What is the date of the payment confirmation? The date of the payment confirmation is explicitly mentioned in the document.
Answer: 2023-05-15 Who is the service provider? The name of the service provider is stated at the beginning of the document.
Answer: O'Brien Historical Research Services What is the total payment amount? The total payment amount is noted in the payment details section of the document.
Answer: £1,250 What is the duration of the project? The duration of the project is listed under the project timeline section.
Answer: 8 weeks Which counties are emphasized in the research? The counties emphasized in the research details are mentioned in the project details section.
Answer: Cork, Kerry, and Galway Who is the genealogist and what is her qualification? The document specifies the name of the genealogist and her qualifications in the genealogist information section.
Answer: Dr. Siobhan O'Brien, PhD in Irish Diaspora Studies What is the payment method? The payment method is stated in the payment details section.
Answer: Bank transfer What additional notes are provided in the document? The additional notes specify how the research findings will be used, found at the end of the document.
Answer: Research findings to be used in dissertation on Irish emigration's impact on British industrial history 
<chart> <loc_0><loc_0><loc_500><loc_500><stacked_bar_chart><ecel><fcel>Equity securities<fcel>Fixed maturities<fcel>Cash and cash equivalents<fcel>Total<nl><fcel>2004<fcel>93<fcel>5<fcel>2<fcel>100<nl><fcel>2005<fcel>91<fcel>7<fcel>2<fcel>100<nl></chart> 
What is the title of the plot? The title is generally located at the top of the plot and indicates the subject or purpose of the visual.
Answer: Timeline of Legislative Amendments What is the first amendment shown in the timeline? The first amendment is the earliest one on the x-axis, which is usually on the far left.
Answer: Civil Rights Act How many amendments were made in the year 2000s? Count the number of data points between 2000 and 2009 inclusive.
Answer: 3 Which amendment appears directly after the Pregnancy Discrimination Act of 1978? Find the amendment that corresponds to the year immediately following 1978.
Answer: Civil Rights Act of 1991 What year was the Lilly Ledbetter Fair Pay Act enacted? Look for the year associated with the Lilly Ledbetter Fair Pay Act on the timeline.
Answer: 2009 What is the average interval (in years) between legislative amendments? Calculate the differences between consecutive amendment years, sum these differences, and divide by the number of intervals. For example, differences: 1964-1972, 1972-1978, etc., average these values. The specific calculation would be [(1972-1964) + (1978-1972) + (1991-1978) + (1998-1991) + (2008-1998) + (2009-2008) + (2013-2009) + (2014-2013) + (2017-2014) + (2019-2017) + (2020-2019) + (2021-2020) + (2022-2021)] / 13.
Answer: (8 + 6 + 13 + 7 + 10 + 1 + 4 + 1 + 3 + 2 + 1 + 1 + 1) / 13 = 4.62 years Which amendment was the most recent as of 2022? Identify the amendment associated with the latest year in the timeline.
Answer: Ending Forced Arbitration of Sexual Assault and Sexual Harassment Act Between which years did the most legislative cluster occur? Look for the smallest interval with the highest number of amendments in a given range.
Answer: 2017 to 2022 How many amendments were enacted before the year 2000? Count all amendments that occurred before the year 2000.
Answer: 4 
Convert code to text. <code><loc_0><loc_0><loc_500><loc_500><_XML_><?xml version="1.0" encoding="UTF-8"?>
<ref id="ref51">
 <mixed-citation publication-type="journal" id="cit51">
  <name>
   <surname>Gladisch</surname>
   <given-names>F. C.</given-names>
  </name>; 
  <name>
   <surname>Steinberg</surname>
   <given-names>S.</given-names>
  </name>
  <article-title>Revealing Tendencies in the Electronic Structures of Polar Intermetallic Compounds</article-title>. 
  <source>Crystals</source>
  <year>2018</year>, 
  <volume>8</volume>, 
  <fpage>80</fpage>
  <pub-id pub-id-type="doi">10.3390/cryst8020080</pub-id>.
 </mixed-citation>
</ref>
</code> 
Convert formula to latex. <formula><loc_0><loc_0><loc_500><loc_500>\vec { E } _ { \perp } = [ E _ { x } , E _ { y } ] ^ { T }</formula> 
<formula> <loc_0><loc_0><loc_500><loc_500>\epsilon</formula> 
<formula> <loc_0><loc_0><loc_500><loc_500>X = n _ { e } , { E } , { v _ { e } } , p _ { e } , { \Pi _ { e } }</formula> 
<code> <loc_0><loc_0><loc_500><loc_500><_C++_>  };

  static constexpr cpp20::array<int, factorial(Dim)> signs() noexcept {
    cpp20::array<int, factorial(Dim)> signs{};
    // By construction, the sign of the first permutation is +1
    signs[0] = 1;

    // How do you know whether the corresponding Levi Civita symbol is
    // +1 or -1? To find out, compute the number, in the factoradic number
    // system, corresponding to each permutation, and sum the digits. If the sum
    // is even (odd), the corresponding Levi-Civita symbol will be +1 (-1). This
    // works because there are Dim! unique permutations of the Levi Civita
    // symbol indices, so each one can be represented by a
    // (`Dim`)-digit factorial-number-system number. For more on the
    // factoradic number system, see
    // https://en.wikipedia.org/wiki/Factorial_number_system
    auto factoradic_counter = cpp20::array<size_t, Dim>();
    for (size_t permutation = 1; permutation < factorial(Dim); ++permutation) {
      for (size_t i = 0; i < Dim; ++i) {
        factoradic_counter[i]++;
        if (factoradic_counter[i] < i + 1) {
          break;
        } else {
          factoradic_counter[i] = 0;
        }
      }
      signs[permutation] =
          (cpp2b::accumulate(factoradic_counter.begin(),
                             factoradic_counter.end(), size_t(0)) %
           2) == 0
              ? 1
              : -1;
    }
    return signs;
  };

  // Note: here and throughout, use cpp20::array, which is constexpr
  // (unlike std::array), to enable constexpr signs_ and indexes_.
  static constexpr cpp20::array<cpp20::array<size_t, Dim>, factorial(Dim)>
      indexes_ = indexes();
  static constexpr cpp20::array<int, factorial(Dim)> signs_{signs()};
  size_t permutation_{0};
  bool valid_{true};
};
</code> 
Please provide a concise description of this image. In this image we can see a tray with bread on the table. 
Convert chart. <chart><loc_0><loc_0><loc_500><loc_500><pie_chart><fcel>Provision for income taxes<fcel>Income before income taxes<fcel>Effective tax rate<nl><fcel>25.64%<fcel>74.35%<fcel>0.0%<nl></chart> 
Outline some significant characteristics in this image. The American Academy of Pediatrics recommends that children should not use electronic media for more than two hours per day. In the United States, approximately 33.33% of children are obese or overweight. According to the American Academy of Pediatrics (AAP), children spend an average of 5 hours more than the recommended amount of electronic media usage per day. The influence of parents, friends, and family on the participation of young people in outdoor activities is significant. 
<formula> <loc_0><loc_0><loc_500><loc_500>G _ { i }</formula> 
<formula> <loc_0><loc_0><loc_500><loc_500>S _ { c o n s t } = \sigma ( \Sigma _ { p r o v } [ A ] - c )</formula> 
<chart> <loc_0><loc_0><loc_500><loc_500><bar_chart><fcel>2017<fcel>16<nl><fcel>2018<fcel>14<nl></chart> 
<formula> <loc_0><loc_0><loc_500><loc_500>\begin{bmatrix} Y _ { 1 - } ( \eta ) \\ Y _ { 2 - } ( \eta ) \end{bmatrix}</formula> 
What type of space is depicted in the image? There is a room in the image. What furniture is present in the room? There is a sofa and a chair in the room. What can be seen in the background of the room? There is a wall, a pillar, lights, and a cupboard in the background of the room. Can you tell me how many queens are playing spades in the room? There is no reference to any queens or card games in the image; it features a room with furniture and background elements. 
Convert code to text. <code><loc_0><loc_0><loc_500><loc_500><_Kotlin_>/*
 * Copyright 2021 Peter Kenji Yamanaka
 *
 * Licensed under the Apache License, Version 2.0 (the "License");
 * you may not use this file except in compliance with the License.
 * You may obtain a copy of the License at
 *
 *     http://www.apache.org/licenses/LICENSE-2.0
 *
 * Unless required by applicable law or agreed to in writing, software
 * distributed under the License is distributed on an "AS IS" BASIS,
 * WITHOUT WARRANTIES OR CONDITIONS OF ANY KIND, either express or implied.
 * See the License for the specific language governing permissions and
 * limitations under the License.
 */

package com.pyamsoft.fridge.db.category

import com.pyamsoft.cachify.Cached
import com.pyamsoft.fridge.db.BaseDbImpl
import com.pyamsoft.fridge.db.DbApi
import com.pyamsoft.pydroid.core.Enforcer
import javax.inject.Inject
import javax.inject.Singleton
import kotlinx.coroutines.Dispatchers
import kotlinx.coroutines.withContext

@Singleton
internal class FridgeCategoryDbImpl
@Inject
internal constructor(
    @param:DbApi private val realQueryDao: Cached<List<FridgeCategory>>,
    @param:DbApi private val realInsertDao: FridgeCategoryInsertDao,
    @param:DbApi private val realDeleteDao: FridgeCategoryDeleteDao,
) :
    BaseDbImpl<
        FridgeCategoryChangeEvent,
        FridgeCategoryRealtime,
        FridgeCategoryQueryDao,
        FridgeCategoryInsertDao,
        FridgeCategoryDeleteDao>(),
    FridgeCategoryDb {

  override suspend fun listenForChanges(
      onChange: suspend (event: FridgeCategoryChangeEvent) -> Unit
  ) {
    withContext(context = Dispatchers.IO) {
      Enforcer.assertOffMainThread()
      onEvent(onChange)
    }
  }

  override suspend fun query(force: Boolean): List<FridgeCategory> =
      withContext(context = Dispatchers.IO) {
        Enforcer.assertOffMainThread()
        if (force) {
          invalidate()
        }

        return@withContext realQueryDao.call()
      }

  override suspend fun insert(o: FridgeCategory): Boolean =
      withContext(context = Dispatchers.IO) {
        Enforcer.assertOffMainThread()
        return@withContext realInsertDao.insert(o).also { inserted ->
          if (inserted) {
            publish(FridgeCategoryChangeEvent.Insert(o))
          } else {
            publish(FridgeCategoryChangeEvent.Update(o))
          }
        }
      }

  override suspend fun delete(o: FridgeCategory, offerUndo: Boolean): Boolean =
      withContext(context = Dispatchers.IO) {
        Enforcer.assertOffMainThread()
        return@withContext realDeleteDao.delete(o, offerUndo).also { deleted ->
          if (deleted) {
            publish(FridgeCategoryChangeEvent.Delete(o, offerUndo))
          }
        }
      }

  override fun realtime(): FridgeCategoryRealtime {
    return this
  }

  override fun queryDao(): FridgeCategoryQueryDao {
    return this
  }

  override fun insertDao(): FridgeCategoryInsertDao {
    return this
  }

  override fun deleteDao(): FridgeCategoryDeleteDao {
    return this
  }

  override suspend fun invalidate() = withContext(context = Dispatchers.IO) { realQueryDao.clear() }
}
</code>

++++++++

Exercise ->
Please transcribe exactly the lines above from the line that has "in writing, software" up to and including the line that has "import kotlinx.coroutines.withContext"; no other line belongs in the answer.

Finished task ->
 * Unless required by applicable law or agreed to in writing, software
 * distributed under the License is distributed on an "AS IS" BASIS,
 * WITHOUT WARRANTIES OR CONDITIONS OF ANY KIND, either express or implied.
 * See the License for the specific language governing permissions and
 * limitations under the License.
 */

package com.pyamsoft.fridge.db.category

import com.pyamsoft.cachify.Cached
import com.pyamsoft.fridge.db.BaseDbImpl
import com.pyamsoft.fridge.db.DbApi
import com.pyamsoft.pydroid.core.Enforcer
import javax.inject.Inject
import javax.inject.Singleton
import kotlinx.coroutines.Dispatchers
import kotlinx.coroutines.withContext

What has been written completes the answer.